DATA EXTRACT:
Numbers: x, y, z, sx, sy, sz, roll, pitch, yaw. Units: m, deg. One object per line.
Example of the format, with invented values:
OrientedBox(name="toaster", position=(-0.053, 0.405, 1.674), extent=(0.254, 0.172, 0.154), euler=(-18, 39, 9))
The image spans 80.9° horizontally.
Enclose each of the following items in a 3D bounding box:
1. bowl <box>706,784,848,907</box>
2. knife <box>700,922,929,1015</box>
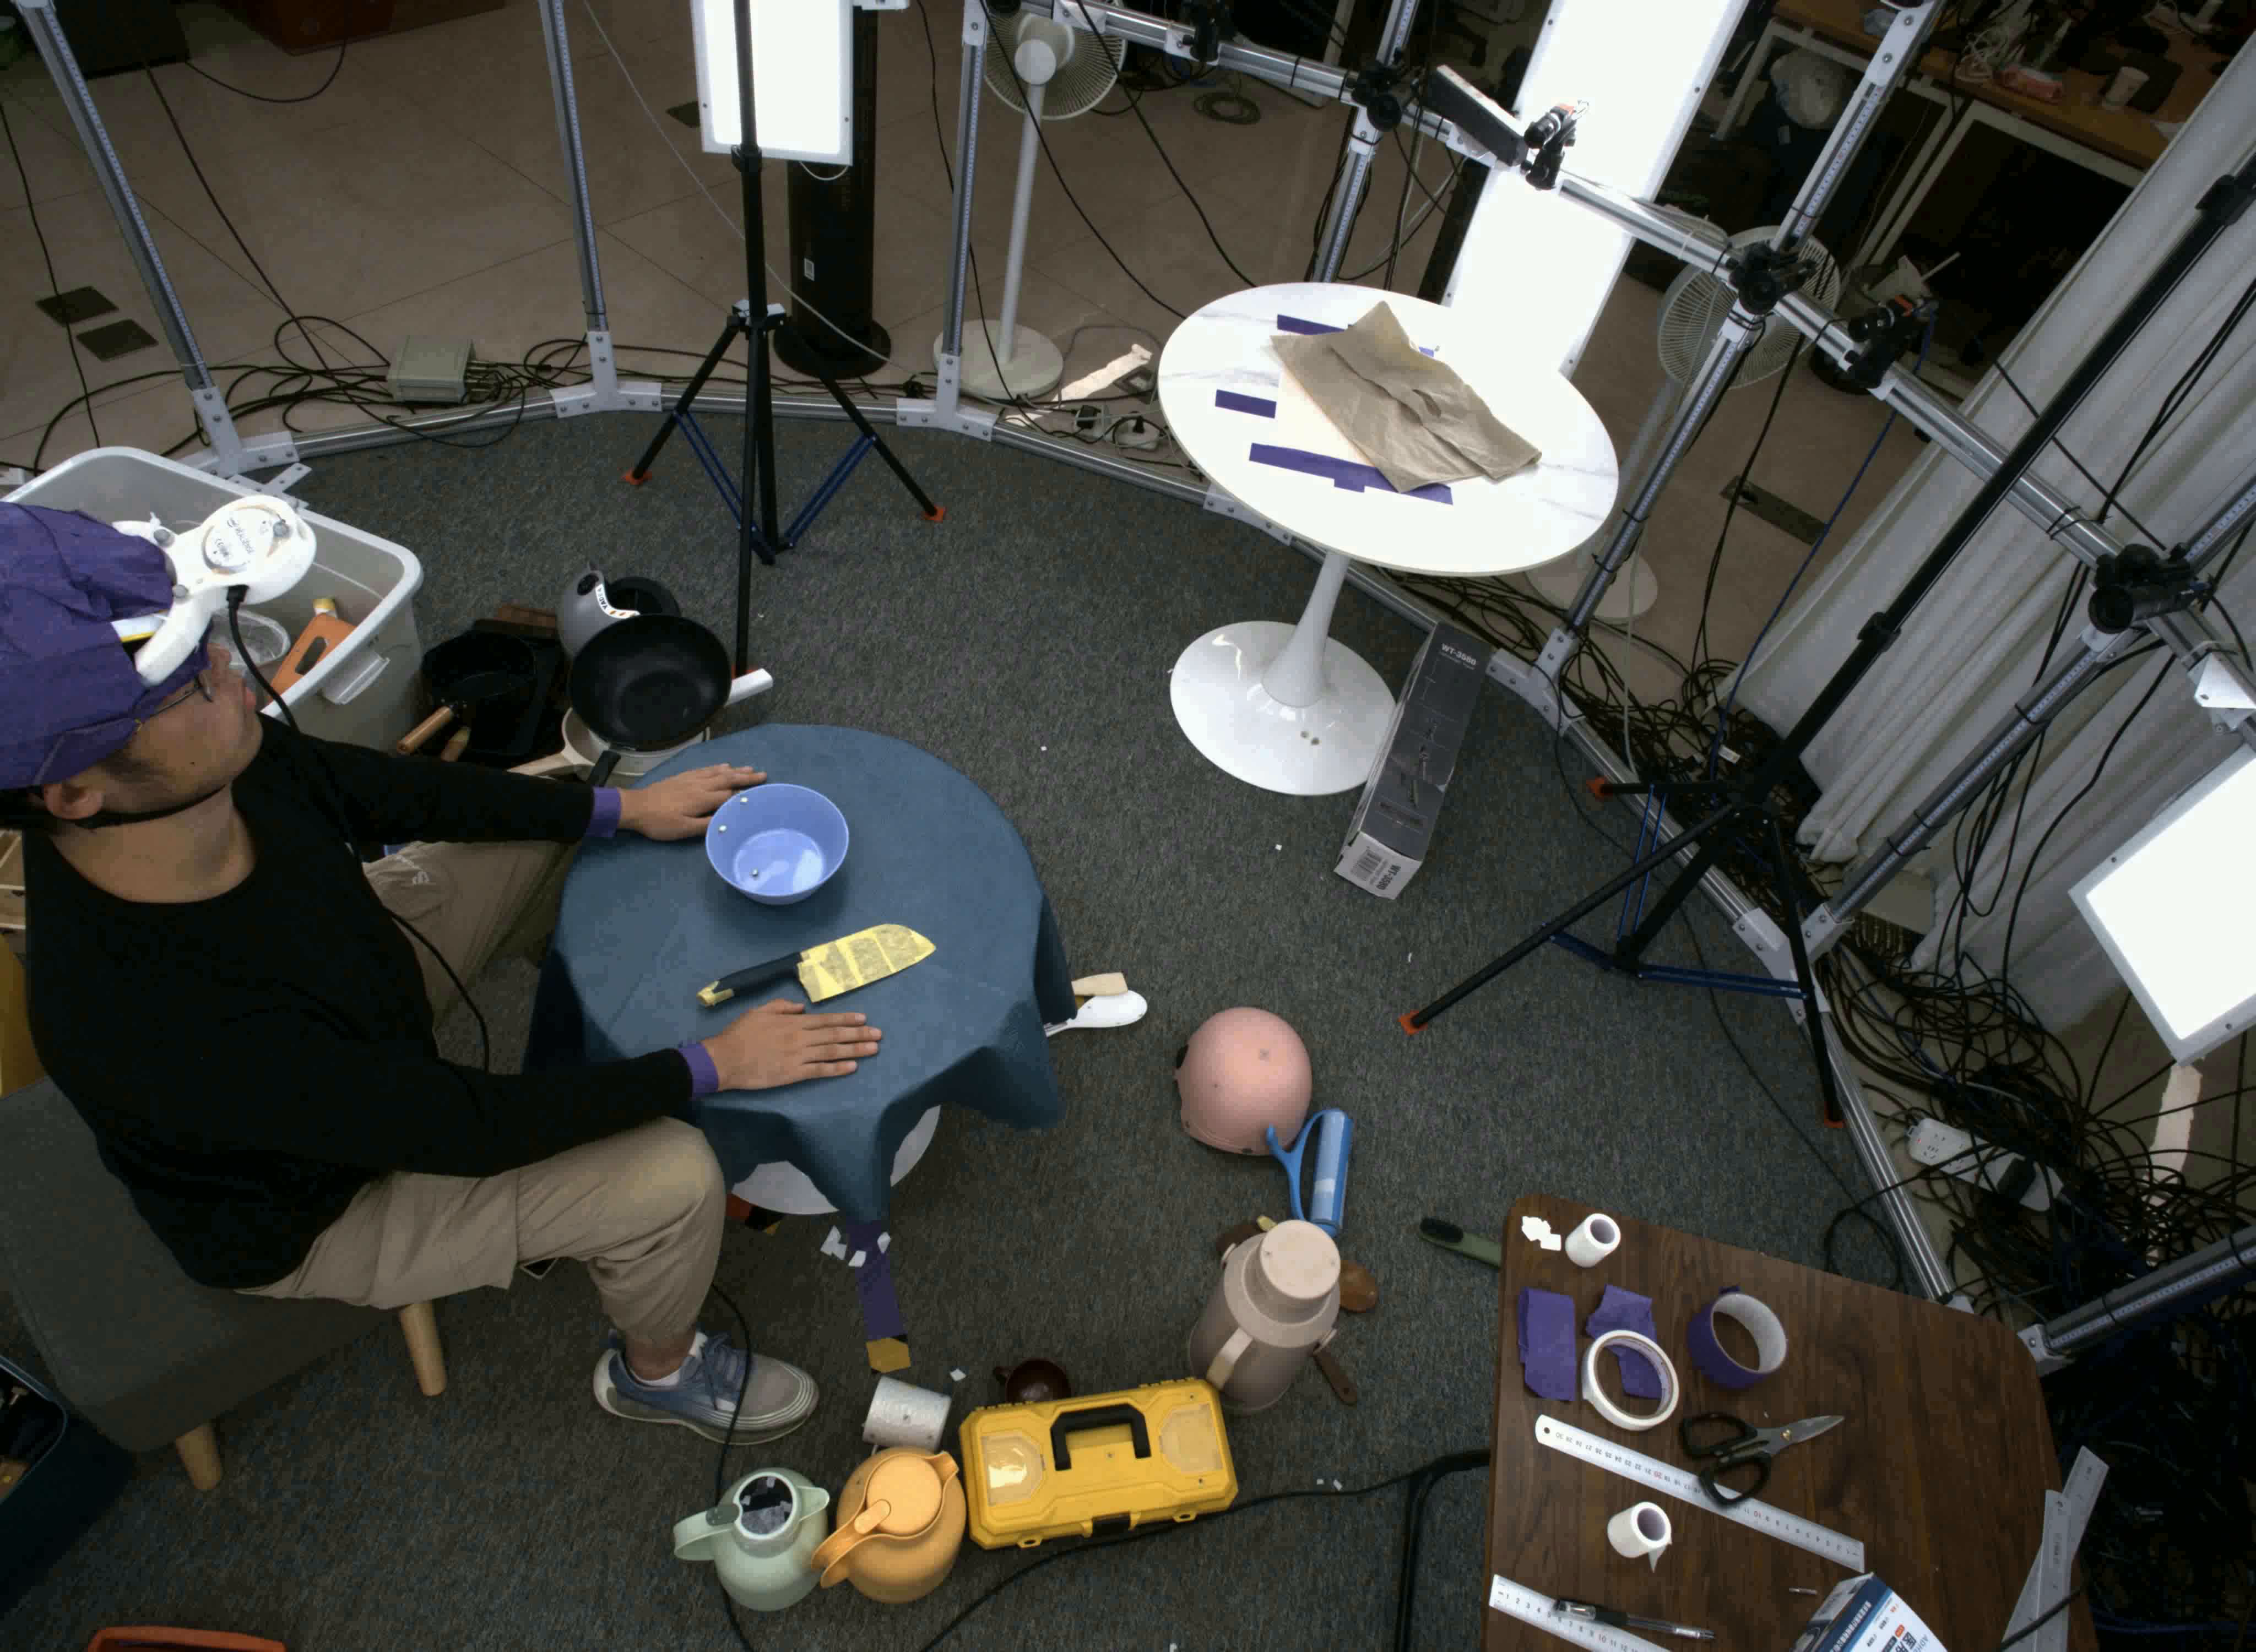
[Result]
OrientedBox(name="bowl", position=(-0.444, 0.034, 1.646), extent=(0.176, 0.071, 0.173), euler=(8, 53, -9))
OrientedBox(name="knife", position=(-0.378, 0.178, 1.591), extent=(0.291, 0.028, 0.079), euler=(-18, 58, -27))

ABOUT THIS EXERCISE: Write out the records above once more, word for word, with no pictures.

TASK OUTPUT:
Numbers: x, y, z, sx, sy, sz, roll, pitch, yaw. Units: m, deg. One object per line.
Example of the format, with invented values:
OrientedBox(name="toaster", position=(-0.053, 0.405, 1.674), extent=(0.254, 0.172, 0.154), euler=(-18, 39, 9))
The image spans 80.9° horizontally.
Enclose each of the following items in a 3D bounding box:
1. bowl <box>706,784,848,907</box>
2. knife <box>700,922,929,1015</box>
[Result]
OrientedBox(name="bowl", position=(-0.444, 0.034, 1.646), extent=(0.176, 0.071, 0.173), euler=(8, 53, -9))
OrientedBox(name="knife", position=(-0.378, 0.178, 1.591), extent=(0.291, 0.028, 0.079), euler=(-18, 58, -27))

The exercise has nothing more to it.